土手道を進むと奈良井川の対岸に橋戸一里塚跡がある。 文化三年(1805)の中山道分間延絵図 に「此の辺り古往還一里塚」とあるもので、街道付け替えで取り残された貴重な一里塚で ある。 江戸より六十四里目で、手前に歩道橋があるので対岸に渡ることができる。 
土手道を進むと小橋がある。橋のたもとに中北道標「←JR奈良井駅0.8q JR木曽平沢駅 1.4q→」がある。 この橋は渡らず直進し、奈良井川橋を渡る。 橋の袂の左側に「右中山道 左国道」の石碑がある。  奈良井川橋を渡ると県道258号奈良井線となり、三叉路があるので左に進る。  線路に沿って進むとJR奈良井駅があり、背後の鳥居峠の山容が見えた。  平沢から奈良井の駅までは約二キロで、三十分足らずで到着できた勘定になる。 洗馬宿から始めた旅は奈良井駅で終了、平沢を出る頃は夕方になり、カメラの電池もなくなり 撮影できなくなっていた。 
日を改めて、奈良井駅から奈良井宿を訪問。  あいにく小雨。 

和歌山城全図
奈良井駅前広場


駅前には木曽奈良井宿の標柱と案内板、そして石屋根の建物が建っている。  奈良井宿は中山道一の難所であった鳥居峠をひかえた宿場である。 

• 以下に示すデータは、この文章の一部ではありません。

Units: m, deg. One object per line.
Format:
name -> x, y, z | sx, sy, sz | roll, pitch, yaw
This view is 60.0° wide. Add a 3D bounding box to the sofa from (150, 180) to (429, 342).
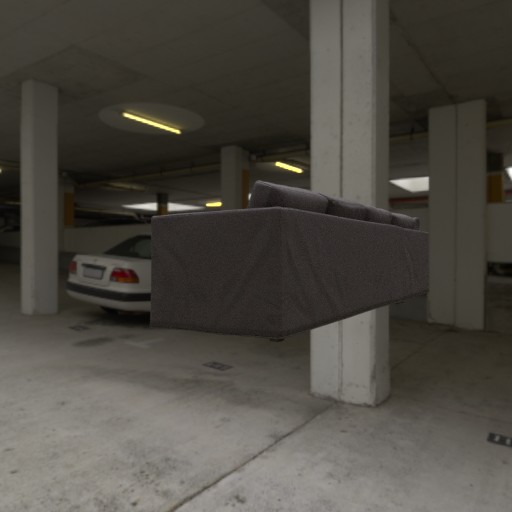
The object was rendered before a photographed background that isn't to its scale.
sofa -> 0.000, 0.000, 4.174 | 2.432, 0.871, 3.182 | 0, 0, 34
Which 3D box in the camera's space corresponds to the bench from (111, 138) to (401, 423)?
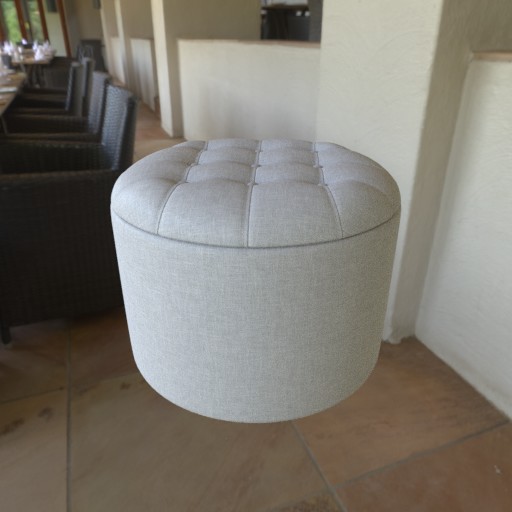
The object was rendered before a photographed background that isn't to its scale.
[{"bbox_3d":[0.000,0.000,1.014,0.600,0.453,0.600,0,26,0],"label":"bench"}]
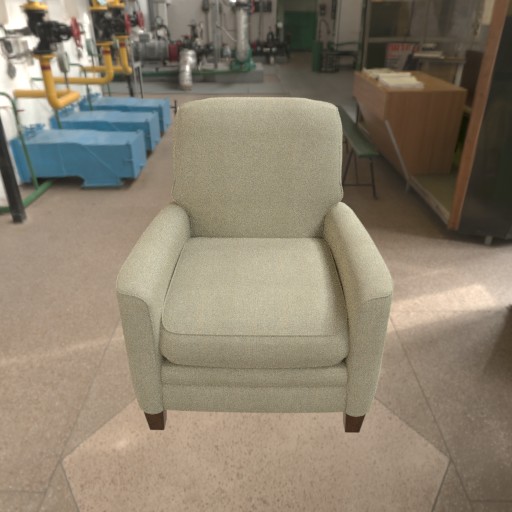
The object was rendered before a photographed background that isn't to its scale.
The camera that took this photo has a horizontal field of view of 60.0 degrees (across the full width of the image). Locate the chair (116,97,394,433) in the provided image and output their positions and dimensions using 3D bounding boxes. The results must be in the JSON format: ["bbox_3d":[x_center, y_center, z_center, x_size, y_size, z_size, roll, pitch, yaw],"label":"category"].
[{"bbox_3d":[0.000,0.000,1.653,0.850,1.006,0.853,0,30,1],"label":"chair"}]
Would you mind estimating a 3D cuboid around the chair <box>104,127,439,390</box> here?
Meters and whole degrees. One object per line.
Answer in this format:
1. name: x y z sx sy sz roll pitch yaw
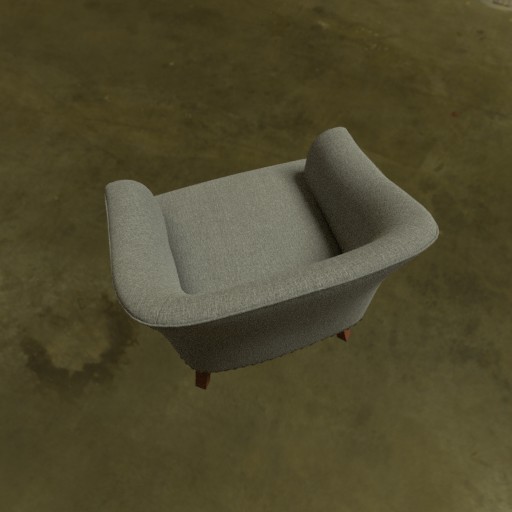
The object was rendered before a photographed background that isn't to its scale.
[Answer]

 *  「 奈良井宿ができたのは古く、鎌倉時代の始め頃と言われるが、 慶長七年、徳川家康により、中山道六十九の宿場が定められると、奈良井宿もそのひとつに 選ばれた。 「奈良井千軒」とうたわれていた旅宿で賑わい、また、塗り櫛や曲物の産地 としても有名であったため、薮原宿からは一里十三町、贄川宿からは一里三十一町しかないが、 旅人たちは峠越えの前とか後に奈良井で骨を休めるのが常だった。 」 

天保十四年(1843)中山道宿村大概帳によると家数409軒、宿内人口2155人(男1104人、 女1051人)、本陣1.脇本陣1、旅籠15軒であった。 宿場は木曽路で標高が一番高い 940mの位置にあり、標高1197mの 鳥居峠越えが控えていた。 宿場は上町、中町、下町の三地区で構成され、 八町五間(約870m)と薮原宿や贄川宿の約二倍の長さがあった。 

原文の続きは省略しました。